• **Your task**
Beneath this line is the data. Output exactly the lines from the line with "- books [8,434,21,454]" to the line with "- books [273,336,279,355]", both ends included, and nothing more.

[Stored dataset items]
● ● ● ● ●
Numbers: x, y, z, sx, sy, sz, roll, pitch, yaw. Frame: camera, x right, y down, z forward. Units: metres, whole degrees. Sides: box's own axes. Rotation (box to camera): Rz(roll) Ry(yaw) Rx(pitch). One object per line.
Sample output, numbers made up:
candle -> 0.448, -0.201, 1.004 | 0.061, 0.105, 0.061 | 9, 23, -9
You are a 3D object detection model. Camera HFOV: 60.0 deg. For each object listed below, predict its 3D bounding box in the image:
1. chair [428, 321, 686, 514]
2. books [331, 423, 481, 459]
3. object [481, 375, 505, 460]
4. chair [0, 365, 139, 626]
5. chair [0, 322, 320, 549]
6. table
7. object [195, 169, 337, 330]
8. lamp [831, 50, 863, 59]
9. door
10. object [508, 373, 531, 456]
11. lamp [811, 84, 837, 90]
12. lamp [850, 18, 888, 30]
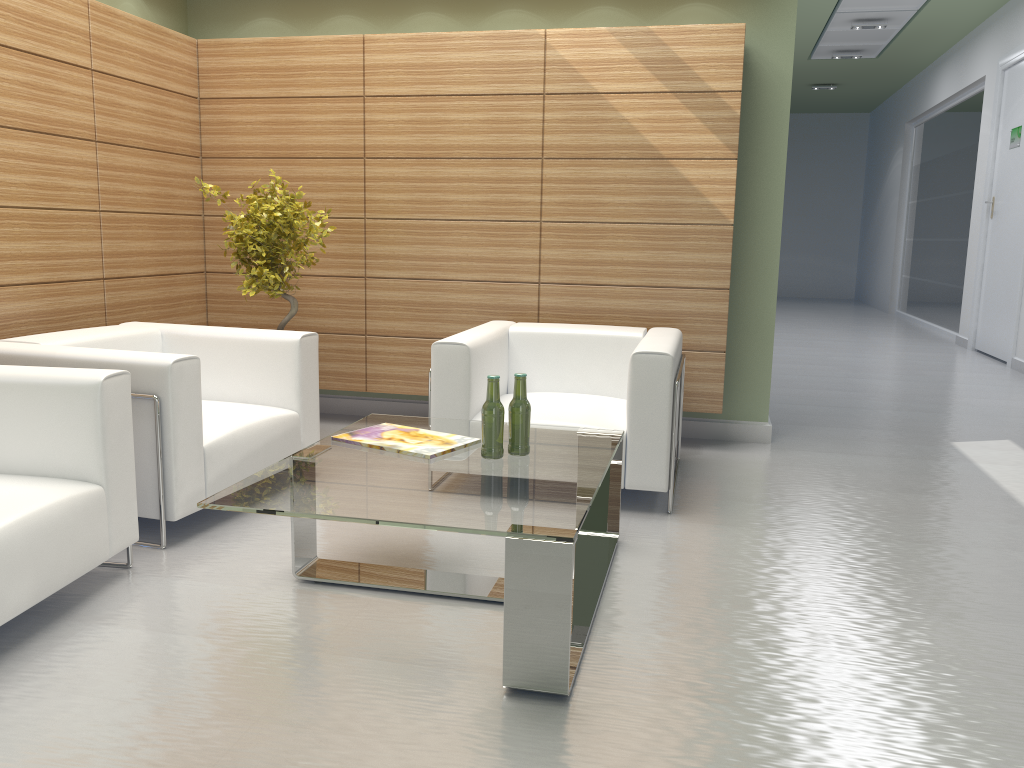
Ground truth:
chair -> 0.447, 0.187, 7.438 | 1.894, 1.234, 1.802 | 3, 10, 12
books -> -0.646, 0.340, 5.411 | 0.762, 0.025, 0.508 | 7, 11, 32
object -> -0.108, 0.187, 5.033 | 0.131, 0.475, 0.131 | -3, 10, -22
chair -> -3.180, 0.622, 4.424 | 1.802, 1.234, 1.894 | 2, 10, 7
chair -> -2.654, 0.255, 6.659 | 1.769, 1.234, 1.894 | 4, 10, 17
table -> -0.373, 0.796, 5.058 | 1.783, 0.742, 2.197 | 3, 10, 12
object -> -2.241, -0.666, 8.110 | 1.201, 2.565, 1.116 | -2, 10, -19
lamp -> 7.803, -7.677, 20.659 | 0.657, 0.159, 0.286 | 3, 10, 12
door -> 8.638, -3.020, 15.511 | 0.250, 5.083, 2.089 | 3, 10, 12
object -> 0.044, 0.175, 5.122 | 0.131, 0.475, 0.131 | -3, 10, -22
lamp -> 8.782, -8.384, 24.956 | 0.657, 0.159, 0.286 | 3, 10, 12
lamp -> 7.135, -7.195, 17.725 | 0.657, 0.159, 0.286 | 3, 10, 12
● ● ● ● ●
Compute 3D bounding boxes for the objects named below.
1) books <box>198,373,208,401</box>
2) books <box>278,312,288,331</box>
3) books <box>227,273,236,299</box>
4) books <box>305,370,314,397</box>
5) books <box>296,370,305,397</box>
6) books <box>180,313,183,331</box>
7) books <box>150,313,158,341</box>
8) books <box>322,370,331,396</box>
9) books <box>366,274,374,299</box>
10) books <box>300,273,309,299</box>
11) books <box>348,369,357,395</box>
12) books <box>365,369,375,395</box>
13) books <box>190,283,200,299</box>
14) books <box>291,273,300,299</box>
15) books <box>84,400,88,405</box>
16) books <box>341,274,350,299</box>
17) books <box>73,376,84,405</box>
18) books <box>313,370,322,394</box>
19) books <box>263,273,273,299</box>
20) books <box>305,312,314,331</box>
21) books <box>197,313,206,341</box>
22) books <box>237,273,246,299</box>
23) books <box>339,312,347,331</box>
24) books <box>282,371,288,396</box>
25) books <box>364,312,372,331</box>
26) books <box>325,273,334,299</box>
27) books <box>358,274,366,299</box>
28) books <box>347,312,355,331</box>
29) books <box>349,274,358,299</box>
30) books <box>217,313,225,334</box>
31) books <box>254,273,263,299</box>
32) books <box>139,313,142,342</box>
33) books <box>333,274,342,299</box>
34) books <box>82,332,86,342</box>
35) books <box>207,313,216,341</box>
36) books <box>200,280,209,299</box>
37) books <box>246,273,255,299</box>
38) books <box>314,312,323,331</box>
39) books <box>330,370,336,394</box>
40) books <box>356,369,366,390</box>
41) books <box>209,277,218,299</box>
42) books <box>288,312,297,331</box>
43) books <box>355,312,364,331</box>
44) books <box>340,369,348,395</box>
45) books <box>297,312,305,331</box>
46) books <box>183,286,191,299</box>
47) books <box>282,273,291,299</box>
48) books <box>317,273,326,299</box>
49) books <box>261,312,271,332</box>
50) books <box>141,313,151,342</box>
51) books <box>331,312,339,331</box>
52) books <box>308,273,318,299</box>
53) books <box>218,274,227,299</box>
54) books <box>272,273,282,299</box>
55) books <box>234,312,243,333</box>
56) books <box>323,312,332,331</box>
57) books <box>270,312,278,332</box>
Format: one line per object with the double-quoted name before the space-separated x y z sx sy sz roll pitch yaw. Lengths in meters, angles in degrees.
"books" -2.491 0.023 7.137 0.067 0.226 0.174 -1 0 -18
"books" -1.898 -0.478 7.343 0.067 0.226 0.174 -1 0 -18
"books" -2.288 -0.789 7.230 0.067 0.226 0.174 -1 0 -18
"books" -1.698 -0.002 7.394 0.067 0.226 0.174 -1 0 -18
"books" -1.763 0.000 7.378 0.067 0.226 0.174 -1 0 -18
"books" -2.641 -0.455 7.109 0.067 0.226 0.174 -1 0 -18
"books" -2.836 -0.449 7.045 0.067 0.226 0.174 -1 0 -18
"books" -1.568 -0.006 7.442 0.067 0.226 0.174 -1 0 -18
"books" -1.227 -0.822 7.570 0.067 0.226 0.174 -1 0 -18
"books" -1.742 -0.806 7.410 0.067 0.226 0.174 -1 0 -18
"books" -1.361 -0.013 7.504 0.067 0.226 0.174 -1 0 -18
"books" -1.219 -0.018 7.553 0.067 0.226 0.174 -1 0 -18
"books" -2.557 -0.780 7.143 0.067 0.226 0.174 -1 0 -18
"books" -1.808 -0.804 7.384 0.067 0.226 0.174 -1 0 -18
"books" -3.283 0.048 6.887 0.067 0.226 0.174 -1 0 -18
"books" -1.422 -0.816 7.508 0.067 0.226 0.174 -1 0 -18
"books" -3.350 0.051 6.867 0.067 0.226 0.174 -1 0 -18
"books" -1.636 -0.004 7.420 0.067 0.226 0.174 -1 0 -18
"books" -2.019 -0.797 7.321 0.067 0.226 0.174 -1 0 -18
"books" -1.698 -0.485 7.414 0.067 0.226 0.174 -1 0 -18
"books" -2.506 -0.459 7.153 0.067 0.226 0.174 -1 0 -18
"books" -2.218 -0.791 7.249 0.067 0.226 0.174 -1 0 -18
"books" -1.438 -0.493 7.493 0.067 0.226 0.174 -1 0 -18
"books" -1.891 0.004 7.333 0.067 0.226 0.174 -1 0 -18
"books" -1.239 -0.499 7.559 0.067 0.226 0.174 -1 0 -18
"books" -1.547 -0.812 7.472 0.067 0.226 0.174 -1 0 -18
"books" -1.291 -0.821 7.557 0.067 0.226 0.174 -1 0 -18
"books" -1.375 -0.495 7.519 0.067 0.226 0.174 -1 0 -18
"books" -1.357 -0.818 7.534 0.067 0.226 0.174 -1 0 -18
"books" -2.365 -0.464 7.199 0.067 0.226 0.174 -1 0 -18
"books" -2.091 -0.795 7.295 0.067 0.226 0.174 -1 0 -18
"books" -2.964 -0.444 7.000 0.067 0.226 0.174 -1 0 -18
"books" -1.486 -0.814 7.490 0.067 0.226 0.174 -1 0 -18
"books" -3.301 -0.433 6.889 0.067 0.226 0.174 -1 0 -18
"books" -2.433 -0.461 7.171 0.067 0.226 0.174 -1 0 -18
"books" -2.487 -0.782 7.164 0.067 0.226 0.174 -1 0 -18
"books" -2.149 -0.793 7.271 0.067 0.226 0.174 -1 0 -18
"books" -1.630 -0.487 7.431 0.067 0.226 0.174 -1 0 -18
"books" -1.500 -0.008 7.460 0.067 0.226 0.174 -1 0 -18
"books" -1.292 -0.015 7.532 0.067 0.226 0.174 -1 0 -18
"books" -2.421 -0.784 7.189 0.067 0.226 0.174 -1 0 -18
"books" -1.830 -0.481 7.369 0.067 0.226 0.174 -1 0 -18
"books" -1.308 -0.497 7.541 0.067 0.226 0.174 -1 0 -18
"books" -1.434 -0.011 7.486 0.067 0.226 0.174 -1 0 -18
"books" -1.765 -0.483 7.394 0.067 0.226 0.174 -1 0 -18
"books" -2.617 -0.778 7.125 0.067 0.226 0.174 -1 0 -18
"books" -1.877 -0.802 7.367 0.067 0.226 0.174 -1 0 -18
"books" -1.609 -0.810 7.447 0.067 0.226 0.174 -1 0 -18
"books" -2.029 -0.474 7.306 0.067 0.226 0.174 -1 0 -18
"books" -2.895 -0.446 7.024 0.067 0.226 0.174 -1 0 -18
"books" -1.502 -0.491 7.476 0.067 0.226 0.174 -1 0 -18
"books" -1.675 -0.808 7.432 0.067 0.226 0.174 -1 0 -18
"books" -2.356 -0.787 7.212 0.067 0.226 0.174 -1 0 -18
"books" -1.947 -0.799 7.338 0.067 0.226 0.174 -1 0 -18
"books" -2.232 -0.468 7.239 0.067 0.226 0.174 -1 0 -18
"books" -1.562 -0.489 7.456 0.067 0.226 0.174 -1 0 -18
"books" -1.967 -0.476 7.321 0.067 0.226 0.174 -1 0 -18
● ● ● ● ●
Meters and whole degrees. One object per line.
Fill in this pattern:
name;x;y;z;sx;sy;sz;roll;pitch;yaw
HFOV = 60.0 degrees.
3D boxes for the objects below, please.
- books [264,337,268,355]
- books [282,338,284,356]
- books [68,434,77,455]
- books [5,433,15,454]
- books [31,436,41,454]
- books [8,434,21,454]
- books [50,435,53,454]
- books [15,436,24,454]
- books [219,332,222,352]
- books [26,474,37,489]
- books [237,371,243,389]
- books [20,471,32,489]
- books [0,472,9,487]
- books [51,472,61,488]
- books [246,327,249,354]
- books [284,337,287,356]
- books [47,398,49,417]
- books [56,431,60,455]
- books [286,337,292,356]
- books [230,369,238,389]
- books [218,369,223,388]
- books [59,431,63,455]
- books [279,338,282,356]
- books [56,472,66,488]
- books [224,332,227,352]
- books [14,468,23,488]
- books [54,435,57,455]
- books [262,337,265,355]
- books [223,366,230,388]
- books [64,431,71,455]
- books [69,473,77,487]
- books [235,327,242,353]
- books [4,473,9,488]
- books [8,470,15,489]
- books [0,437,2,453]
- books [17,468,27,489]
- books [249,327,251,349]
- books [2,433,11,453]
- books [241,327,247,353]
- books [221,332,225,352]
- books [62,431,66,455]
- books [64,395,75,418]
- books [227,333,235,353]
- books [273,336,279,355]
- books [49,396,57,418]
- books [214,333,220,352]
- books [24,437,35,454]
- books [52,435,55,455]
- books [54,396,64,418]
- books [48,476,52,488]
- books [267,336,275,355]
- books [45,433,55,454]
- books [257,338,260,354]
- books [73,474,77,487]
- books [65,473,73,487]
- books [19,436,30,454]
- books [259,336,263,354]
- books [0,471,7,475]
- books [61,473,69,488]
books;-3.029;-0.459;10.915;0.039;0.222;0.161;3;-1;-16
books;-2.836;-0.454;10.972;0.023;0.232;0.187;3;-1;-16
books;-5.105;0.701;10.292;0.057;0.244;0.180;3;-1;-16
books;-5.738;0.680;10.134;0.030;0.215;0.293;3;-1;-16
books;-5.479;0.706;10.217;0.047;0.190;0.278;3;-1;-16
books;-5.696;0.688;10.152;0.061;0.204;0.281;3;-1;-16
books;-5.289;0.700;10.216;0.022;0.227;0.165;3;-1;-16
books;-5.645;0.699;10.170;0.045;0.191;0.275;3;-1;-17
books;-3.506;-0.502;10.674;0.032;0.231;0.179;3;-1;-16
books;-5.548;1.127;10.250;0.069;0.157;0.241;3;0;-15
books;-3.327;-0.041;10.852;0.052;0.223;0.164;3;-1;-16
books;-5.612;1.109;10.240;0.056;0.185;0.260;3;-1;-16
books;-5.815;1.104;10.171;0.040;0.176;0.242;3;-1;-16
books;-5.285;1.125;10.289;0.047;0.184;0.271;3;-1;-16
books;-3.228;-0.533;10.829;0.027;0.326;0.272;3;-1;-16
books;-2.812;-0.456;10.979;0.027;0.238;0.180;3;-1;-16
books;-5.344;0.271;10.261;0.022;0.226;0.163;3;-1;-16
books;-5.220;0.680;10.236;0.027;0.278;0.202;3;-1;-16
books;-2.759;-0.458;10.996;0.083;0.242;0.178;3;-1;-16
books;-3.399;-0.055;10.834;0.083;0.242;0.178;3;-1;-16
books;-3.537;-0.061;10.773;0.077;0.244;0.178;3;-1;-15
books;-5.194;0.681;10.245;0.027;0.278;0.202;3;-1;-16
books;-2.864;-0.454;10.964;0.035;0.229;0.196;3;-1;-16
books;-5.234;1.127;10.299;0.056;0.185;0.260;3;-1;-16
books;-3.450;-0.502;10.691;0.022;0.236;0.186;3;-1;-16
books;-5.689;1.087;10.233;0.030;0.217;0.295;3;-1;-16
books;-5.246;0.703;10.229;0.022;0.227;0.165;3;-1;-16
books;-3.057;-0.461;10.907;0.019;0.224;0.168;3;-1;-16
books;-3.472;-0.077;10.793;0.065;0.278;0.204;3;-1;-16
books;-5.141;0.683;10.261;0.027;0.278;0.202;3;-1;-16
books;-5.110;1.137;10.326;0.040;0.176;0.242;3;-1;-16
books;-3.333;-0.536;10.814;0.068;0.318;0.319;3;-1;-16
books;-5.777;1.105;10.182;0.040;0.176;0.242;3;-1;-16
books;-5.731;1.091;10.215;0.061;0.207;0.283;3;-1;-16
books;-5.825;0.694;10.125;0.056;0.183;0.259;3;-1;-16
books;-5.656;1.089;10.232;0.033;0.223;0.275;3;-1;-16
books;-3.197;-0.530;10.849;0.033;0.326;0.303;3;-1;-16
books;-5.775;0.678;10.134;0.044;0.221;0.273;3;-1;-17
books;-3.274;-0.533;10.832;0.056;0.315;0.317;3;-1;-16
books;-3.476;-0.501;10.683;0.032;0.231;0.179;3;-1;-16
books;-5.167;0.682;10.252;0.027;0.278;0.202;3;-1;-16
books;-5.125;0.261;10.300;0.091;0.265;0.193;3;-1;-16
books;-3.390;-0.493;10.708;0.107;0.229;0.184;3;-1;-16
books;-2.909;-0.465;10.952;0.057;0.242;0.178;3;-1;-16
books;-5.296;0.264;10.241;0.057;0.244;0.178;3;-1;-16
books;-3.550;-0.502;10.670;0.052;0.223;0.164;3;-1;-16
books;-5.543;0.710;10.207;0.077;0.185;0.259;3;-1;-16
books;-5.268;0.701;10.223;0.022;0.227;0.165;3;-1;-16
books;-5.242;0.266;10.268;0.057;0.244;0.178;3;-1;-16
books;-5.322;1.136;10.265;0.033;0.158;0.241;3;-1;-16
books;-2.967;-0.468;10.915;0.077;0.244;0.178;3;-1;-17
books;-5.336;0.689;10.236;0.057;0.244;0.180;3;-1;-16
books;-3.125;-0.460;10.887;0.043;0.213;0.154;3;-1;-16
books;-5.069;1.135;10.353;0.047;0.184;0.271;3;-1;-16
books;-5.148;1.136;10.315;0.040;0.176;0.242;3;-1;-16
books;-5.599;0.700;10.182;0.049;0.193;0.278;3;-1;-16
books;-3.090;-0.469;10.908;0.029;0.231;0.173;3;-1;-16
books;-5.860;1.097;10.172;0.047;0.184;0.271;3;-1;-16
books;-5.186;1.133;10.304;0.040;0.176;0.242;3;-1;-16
● ● ● ● ●
• **Response**
- books [8,434,21,454]
- books [50,435,53,454]
- books [15,436,24,454]
- books [219,332,222,352]
- books [26,474,37,489]
- books [237,371,243,389]
- books [20,471,32,489]
- books [0,472,9,487]
- books [51,472,61,488]
- books [246,327,249,354]
- books [284,337,287,356]
- books [47,398,49,417]
- books [56,431,60,455]
- books [286,337,292,356]
- books [230,369,238,389]
- books [218,369,223,388]
- books [59,431,63,455]
- books [279,338,282,356]
- books [56,472,66,488]
- books [224,332,227,352]
- books [14,468,23,488]
- books [54,435,57,455]
- books [262,337,265,355]
- books [223,366,230,388]
- books [64,431,71,455]
- books [69,473,77,487]
- books [235,327,242,353]
- books [4,473,9,488]
- books [8,470,15,489]
- books [0,437,2,453]
- books [17,468,27,489]
- books [249,327,251,349]
- books [2,433,11,453]
- books [241,327,247,353]
- books [221,332,225,352]
- books [62,431,66,455]
- books [64,395,75,418]
- books [227,333,235,353]
- books [273,336,279,355]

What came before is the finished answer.